Data supplied:

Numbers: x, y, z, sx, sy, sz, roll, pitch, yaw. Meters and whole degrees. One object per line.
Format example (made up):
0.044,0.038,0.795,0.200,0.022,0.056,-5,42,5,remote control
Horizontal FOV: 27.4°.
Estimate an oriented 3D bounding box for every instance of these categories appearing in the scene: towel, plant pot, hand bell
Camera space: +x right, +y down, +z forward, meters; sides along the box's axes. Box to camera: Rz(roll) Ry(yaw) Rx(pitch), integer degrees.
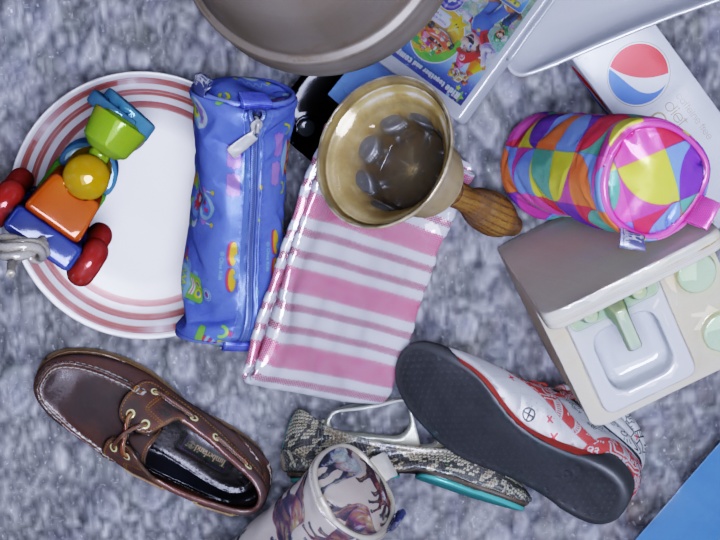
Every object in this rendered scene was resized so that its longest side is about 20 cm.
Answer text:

Exercise aim:
Throughout the data above, copy all lines where the word "object" is found.

Written answer:
Numbers: x, y, z, sx, sy, sz, roll, pitch, yaw. Meters and whole degrees. One object per line.
Every object in this rendered scene was resized so that its longest side is about 20 cm.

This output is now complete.